(Task to complete): Look through the records and report how many lines include the word "horizontal", with no other words.

(Available data):
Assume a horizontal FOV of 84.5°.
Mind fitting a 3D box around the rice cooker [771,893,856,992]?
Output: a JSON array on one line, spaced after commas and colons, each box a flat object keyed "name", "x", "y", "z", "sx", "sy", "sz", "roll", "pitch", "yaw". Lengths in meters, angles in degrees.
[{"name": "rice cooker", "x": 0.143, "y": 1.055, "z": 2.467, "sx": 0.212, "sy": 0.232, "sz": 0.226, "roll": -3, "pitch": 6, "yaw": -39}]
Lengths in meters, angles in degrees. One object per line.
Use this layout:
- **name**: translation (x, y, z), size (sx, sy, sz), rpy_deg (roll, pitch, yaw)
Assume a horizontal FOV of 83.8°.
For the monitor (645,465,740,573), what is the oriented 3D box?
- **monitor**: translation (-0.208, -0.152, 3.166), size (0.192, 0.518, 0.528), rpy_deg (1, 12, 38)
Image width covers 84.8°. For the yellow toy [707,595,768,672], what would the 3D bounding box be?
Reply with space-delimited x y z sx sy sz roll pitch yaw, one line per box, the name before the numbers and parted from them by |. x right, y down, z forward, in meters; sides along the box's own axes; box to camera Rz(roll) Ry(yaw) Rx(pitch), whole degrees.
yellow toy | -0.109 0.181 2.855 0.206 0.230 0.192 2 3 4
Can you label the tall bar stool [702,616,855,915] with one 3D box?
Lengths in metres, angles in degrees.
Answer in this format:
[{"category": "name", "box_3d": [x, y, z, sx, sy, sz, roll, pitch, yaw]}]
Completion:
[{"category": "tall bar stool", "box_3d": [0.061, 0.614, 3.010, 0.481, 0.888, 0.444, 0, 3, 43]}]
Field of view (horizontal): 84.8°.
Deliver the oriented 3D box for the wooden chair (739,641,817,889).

(Task output): 3